◆ **PROBLEM REQUIREMENTS**
Here are the records. Write out exactly the lines between the one holding "Can you also draw 3D cuboids around every can" and the one holding "3. scissors (615,344,685,381)", inclusive.
Segment Start: GIVEN DATA
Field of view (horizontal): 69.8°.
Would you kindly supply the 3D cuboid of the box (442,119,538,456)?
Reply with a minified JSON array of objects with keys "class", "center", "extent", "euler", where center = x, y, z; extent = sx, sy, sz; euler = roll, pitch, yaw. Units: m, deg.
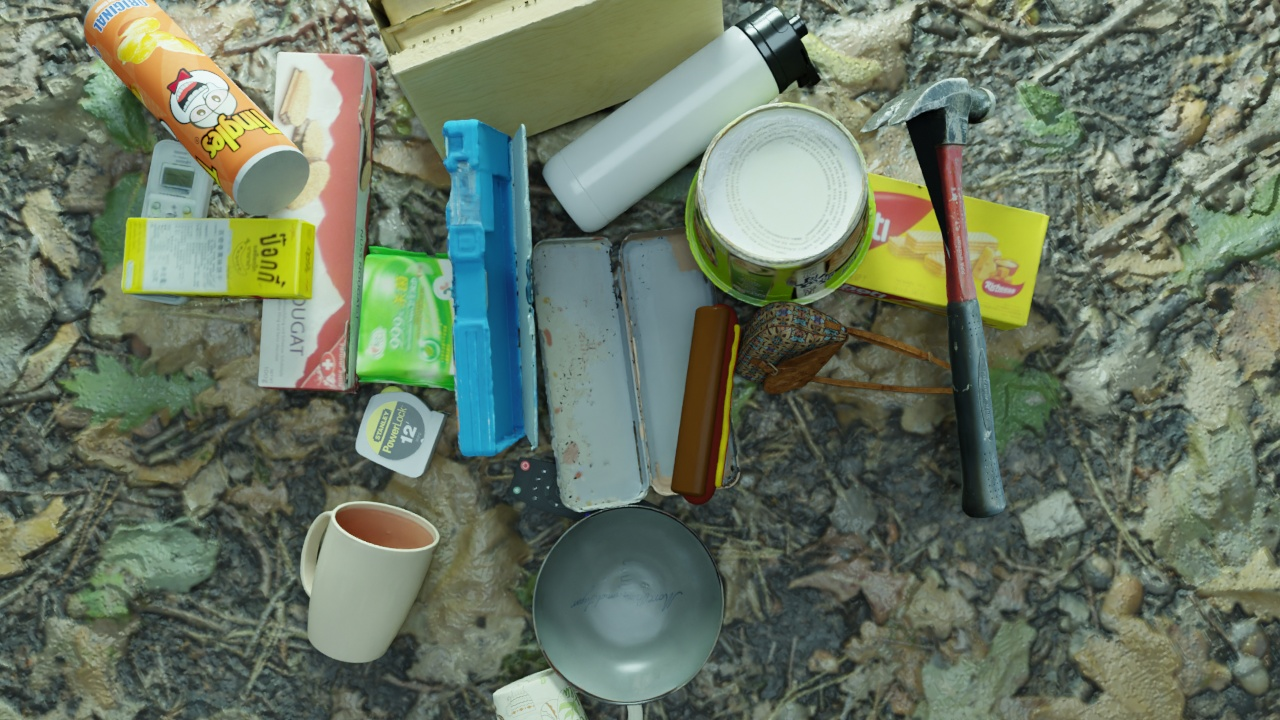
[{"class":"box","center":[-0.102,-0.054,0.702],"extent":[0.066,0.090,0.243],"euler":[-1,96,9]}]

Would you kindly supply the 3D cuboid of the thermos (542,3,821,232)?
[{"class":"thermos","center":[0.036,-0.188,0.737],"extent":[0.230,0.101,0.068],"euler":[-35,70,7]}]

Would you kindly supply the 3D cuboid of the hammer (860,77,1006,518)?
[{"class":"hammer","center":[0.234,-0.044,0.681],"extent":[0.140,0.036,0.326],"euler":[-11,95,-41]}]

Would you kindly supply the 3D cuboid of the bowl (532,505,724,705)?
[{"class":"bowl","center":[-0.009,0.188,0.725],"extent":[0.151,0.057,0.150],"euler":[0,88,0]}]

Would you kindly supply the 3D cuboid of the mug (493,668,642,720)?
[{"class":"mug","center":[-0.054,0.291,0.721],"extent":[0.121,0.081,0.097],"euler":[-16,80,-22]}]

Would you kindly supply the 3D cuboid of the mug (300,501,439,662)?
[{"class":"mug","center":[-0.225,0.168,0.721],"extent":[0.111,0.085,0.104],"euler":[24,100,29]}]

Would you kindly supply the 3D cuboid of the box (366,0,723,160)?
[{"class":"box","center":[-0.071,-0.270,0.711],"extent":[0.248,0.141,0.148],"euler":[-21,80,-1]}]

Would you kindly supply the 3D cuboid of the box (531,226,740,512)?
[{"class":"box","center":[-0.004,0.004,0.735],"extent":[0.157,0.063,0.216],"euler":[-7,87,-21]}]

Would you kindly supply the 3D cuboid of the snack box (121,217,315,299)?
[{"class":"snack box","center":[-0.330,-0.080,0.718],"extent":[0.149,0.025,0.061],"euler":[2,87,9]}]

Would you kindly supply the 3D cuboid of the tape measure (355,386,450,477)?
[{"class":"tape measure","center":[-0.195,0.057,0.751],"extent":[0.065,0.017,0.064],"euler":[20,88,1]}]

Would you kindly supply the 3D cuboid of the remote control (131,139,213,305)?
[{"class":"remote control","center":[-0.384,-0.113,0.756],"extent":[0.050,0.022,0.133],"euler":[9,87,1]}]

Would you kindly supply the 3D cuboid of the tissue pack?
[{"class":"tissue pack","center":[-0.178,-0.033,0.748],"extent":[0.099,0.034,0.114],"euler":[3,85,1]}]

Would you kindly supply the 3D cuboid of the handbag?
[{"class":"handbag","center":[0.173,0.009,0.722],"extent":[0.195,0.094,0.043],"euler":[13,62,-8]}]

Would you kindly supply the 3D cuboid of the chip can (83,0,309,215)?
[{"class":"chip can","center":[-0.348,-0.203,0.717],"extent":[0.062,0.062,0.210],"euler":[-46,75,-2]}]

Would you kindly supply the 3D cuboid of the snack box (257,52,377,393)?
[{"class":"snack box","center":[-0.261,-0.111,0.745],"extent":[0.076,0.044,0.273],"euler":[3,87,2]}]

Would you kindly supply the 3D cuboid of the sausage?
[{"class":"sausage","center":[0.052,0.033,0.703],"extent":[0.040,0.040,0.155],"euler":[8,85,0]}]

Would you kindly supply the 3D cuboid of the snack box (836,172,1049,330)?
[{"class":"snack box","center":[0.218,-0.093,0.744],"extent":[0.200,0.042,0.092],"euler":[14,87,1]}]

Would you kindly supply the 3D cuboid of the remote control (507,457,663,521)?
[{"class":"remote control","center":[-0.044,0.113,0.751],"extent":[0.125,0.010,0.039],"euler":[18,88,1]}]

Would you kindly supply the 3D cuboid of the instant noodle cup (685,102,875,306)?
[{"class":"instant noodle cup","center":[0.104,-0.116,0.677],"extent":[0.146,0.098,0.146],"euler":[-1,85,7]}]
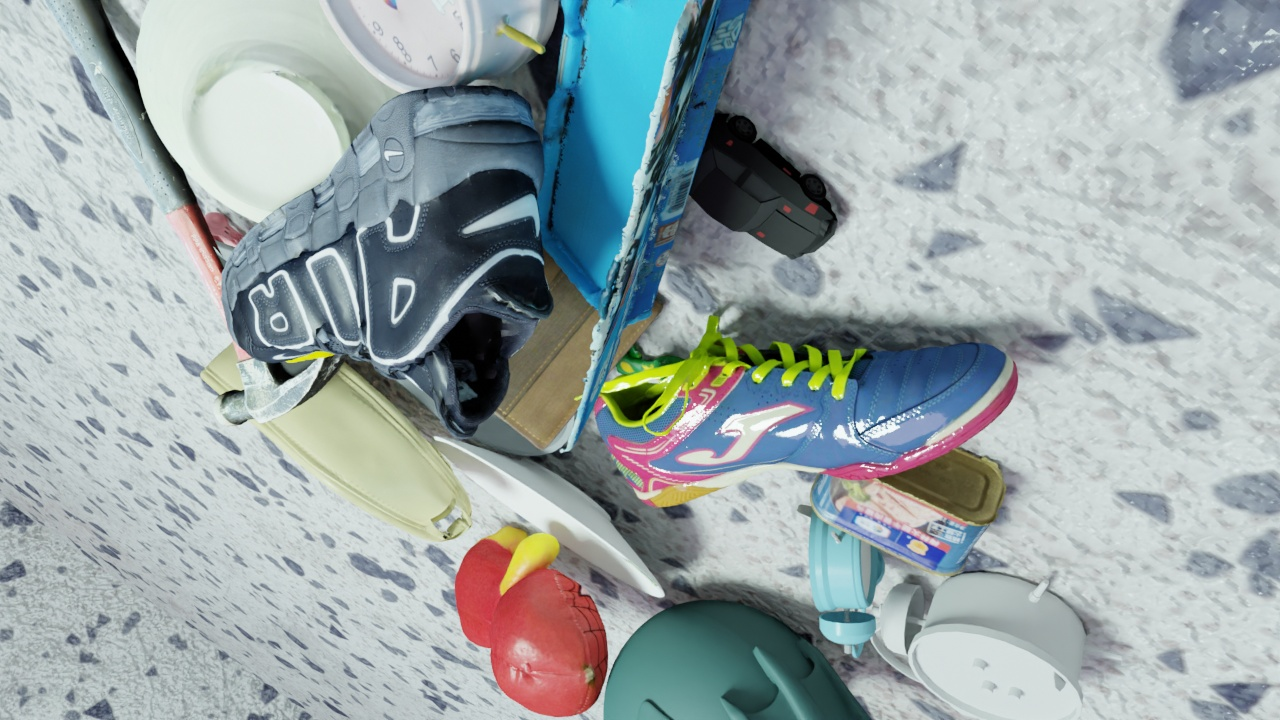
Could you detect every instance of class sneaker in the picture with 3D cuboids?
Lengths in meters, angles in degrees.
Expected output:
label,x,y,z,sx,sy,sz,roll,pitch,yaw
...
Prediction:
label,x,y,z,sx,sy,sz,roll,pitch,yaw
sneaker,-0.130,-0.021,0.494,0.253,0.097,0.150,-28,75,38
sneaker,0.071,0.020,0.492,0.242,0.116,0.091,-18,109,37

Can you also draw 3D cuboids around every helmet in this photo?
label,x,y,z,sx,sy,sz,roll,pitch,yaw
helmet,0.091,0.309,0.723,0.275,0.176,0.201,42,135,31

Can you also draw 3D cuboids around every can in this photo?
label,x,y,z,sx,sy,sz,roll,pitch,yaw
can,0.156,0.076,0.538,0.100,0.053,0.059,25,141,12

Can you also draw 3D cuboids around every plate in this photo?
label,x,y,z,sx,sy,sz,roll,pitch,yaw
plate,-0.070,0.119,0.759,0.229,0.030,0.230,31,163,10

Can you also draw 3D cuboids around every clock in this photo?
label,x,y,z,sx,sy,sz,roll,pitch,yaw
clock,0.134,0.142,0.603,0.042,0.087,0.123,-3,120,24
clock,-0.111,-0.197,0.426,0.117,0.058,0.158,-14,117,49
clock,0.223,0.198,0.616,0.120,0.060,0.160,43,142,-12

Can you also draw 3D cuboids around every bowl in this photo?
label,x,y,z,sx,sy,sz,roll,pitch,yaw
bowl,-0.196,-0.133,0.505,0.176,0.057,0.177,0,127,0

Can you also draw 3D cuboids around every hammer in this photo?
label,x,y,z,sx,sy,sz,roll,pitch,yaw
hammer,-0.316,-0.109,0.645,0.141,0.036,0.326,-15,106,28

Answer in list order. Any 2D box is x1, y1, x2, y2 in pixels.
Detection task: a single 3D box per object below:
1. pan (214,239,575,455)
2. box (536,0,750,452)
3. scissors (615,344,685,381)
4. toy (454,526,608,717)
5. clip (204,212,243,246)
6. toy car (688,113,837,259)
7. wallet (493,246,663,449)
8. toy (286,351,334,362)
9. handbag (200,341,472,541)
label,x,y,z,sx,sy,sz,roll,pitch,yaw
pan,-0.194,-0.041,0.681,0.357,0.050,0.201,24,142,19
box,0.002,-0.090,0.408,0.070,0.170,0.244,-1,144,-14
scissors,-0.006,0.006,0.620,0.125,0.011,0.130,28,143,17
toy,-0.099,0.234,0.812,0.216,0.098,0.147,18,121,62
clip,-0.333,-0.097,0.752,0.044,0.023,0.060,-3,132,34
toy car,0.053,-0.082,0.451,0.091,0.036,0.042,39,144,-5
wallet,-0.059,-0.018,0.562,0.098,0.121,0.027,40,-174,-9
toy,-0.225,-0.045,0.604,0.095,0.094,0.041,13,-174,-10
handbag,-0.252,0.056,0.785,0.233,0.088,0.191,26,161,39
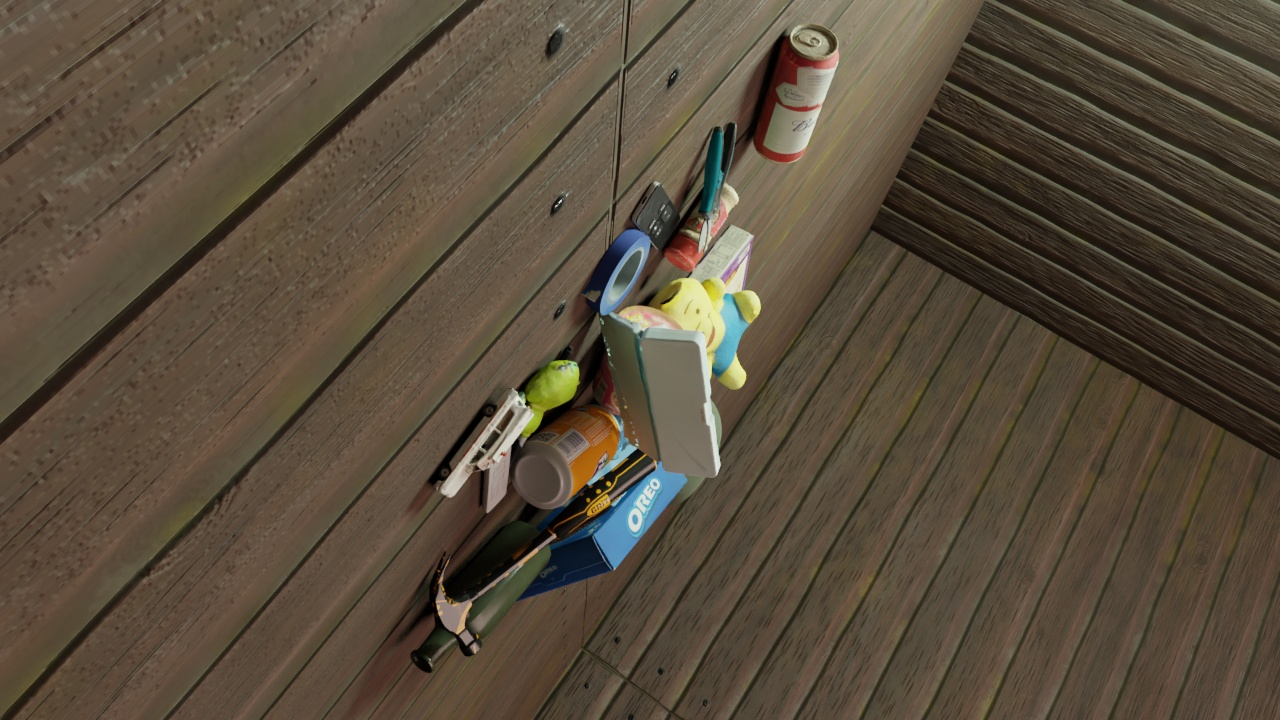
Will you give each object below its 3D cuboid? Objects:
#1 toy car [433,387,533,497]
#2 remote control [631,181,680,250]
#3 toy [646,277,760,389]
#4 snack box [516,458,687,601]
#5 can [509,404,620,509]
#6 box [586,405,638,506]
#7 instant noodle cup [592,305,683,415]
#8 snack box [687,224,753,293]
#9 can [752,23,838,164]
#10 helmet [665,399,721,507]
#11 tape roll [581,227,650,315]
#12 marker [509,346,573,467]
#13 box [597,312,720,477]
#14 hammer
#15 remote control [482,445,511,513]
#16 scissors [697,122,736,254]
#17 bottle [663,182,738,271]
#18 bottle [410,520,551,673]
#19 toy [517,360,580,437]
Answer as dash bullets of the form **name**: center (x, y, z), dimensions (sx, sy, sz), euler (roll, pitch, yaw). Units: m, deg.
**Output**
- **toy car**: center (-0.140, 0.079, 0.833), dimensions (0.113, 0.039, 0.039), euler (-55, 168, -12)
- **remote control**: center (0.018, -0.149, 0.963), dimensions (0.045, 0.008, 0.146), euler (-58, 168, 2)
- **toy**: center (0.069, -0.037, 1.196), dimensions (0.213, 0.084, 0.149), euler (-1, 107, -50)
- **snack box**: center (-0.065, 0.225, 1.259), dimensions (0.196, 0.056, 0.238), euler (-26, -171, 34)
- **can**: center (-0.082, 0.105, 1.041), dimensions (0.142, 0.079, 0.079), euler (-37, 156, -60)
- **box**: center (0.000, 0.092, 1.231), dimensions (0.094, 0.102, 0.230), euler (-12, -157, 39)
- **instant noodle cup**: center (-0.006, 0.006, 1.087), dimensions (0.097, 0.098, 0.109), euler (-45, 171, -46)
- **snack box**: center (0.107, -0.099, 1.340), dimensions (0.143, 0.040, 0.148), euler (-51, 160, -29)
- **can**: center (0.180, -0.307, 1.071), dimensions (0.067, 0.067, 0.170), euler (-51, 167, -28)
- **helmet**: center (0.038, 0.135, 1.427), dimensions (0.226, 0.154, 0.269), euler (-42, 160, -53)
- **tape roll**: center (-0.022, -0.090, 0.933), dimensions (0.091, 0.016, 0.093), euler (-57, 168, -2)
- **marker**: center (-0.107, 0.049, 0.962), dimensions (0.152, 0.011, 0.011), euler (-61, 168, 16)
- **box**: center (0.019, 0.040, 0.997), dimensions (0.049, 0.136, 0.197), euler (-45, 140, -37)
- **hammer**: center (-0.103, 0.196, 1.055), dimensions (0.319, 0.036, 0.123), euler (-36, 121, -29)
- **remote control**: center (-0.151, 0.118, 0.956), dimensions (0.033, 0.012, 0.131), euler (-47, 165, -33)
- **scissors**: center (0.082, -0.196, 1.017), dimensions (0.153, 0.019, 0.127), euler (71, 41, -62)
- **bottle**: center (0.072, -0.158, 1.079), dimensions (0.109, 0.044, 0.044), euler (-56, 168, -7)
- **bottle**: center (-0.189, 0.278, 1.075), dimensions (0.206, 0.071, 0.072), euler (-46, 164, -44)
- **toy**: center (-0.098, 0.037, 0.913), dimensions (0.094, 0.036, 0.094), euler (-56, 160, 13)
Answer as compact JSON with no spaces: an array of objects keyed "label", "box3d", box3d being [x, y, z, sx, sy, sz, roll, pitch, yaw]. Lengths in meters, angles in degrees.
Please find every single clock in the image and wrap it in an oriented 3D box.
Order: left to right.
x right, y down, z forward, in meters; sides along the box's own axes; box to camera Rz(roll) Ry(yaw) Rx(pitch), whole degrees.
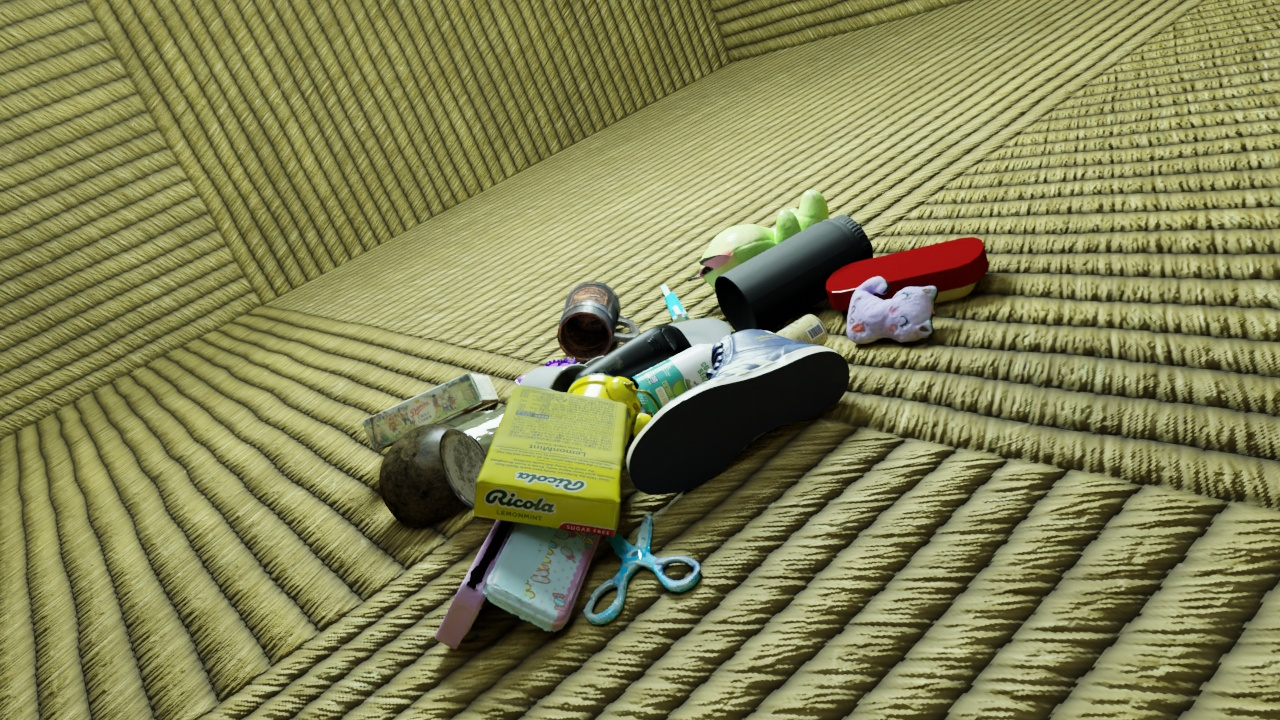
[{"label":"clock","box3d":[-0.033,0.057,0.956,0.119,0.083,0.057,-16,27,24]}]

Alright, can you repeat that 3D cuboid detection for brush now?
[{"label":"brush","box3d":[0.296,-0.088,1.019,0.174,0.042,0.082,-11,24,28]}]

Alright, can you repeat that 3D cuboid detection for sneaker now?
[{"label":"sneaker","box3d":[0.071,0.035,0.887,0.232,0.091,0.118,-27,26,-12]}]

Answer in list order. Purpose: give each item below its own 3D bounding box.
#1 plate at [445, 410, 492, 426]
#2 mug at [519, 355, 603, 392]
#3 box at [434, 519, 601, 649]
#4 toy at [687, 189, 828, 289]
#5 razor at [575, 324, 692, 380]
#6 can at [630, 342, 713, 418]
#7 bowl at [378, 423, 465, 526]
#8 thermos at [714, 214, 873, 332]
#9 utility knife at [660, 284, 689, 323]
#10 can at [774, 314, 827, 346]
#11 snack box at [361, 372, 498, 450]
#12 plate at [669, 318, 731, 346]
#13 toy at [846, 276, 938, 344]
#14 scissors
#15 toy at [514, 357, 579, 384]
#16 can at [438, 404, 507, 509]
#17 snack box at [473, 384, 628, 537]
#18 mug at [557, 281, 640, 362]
Segment End: GIVEN DATA
◆ **REPLY**
Can you also draw 3D cuboids around every can in this photo?
label,x,y,z,sx,sy,sz,roll,pitch,yaw
can,0.156,0.076,0.538,0.100,0.053,0.059,25,141,12

Can you also draw 3D cuboids around every plate in this photo?
label,x,y,z,sx,sy,sz,roll,pitch,yaw
plate,-0.070,0.119,0.759,0.229,0.030,0.230,31,163,10

Can you also draw 3D cuboids around every clock in this photo?
label,x,y,z,sx,sy,sz,roll,pitch,yaw
clock,0.134,0.142,0.603,0.042,0.087,0.123,-3,120,24
clock,-0.111,-0.197,0.426,0.117,0.058,0.158,-14,117,49
clock,0.223,0.198,0.616,0.120,0.060,0.160,43,142,-12

Can you also draw 3D cuboids around every bowl in this photo?
label,x,y,z,sx,sy,sz,roll,pitch,yaw
bowl,-0.196,-0.133,0.505,0.176,0.057,0.177,0,127,0

Can you also draw 3D cuboids around every hammer in this photo?
label,x,y,z,sx,sy,sz,roll,pitch,yaw
hammer,-0.316,-0.109,0.645,0.141,0.036,0.326,-15,106,28

Answer in list order. Any 2D box is x1, y1, x2, y2 in pixels.
Detection task: a single 3D box per object below:
1. pan (214,239,575,455)
2. box (536,0,750,452)
3. scissors (615,344,685,381)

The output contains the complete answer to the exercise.